### Random Forest and Logistic Regression Prediction Accuracies Comparison
We are going to predict diagnostics of cardiac Single Proton Emission Computed Tomography (SPECT) images by splitting the dataset into traingin and test set's. Each of the patients is classified into two categories: normal(specified as 0 in the dataset's first column) and abnormal(specified as 1). Properties are described here https://archive.ics.uci.edu/ml/datasets/SPECTF+Heart

In [2]:
import numpy as np
import matplotlib.pyplot as plt
import random
from decision_tree import DecisionTree
from random_forest import RandomForest
from logistic_regression import gradient_descent
from logistic_regression import sigmoid

#### loading the dataset

In [3]:
filename = 'SPECTF.dat'
data = np.loadtxt(filename, delimiter=',')
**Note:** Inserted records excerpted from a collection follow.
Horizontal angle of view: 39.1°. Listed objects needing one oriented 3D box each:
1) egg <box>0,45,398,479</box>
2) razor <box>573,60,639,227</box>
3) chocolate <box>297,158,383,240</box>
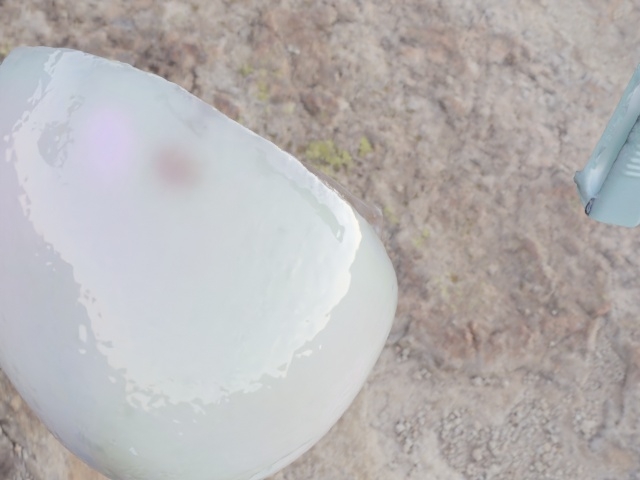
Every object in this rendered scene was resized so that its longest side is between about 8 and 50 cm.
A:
[{"bbox_3d":[-0.083,0.045,0.481,0.206,0.271,0.161,5,57,41],"label":"egg"},{"bbox_3d":[0.160,-0.120,0.340,0.056,0.277,0.111,3,40,-5],"label":"razor"},{"bbox_3d":[0.001,0.000,1.058,0.083,0.261,0.161,14,86,35],"label":"chocolate"}]
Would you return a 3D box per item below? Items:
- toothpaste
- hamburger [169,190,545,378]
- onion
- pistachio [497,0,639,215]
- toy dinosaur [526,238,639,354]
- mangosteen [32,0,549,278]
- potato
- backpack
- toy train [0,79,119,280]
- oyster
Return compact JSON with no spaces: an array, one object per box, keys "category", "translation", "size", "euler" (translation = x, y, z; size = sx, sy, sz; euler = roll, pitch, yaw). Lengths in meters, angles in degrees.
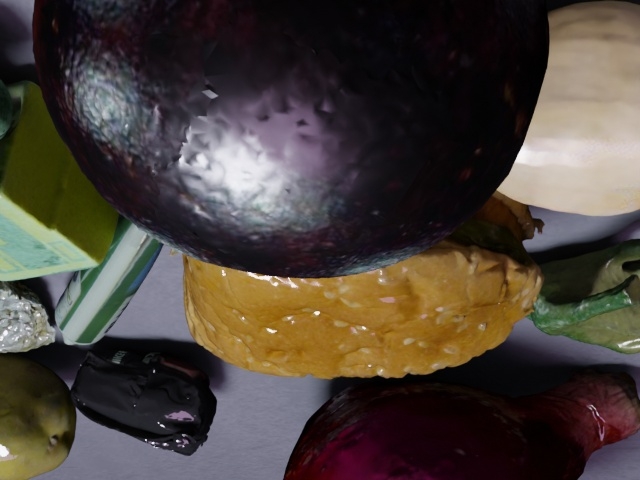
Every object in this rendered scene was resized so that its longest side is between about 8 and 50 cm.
[{"category":"toothpaste","translation":[-0.185,0.017,0.856],"size":[0.061,0.099,0.392],"euler":[26,143,-16]},{"category":"hamburger","translation":[-0.001,-0.003,0.736],"size":[0.330,0.162,0.209],"euler":[-5,144,22]},{"category":"onion","translation":[0.169,0.275,1.017],"size":[0.420,0.398,0.398],"euler":[-48,130,-2]},{"category":"pistachio","translation":[0.183,-0.093,0.636],"size":[0.200,0.117,0.145],"euler":[6,107,12]},{"category":"toy dinosaur","translation":[0.225,0.071,0.885],"size":[0.447,0.087,0.301],"euler":[23,153,-29]},{"category":"mangosteen","translation":[-0.011,-0.121,0.491],"size":[0.288,0.288,0.288],"euler":[4,144,3]},{"category":"potato","translation":[-0.377,0.204,1.060],"size":[0.200,0.154,0.137],"euler":[8,147,26]},{"category":"backpack","translation":[-0.202,0.178,1.060],"size":[0.165,0.106,0.120],"euler":[22,166,4]},{"category":"toy train","translation":[-0.377,-0.048,0.748],"size":[0.369,0.150,0.237],"euler":[-9,148,21]},{"category":"oyster","translation":[-0.352,0.075,0.976],"size":[0.125,0.064,0.177],"euler":[-8,144,11]}]

#### printing a sample from the dataset (first and last rows)

In [8]:
print(data[[1, -1]])
print(data.shape)

[[  1.  72.  62.  69.  67.  78.  82.  74.  65.  69.  63.  70.  70.  72.
   74.  70.  71.  72.  75.  66.  65.  73.  78.  74.  79.  74.  69.  69.
   70.  71.  69.  72.  70.  62.  65.  65.  71.  63.  60.  69.  73.  67.
   71.  56.  58.]
 [  0.  64.  66.  68.  71.  62.  64.  74.  73.  63.  67.  66.  74.  70.
   74.  59.  64.  75.  73.  70.  66.  79.  81.  79.  78.  61.  62.  76.
   72.  67.  67.  71.  75.  65.  62.  70.  69.  68.  65.  75.  72.  62.
   64.  57.  54.]]
(267, 45)


#### the below function computes the accuracy of evaluation

In [5]:
def accuracy_score(Y_true, Y_predict):
    accuracy = 0
    for i in range(len(Y_true)):
        if Y_true[i] == Y_predict[i]:
            accuracy = accuracy + 1
    return accuracy / len(Y_true) * 100.0

#### the main function to evaluate performance

In [7]:
def evaluate_performance():
    X = data[:, 1:]
    y = np.array([data[:, 0]]).T
    n, d = X.shape
    all_accuracies_forest = []
    all_accuracies_log_reg = []
    NUMBER_OF_TREES = 10
    MAX_TREE_DEPTH_RF = 100
    MAX_TREE_DEPTH_TR = 100
    RATIO_PER_TREE = 0.75

    for trial in range(50):
        print('trial', trial + 1)
        idx = np.arange(n)
        np.random.seed(13)
        np.random.shuffle(idx)
        X = X[idx]
        y = y[idx]

        # divide data into train-test
        folds, i = 10, 3
        Xtest = X[i::folds]  # i::folds = i-th element, (i+folds)th element, ...
        ytest = y[i::folds]
        Xtrain = np.array([X[j] for j in range(len(X)) if (j % folds) != i])
        ytrain = np.array([y[j] for j in range(len(y)) if (j % folds) != i])
        train_data = np.column_stack((Xtrain, ytrain))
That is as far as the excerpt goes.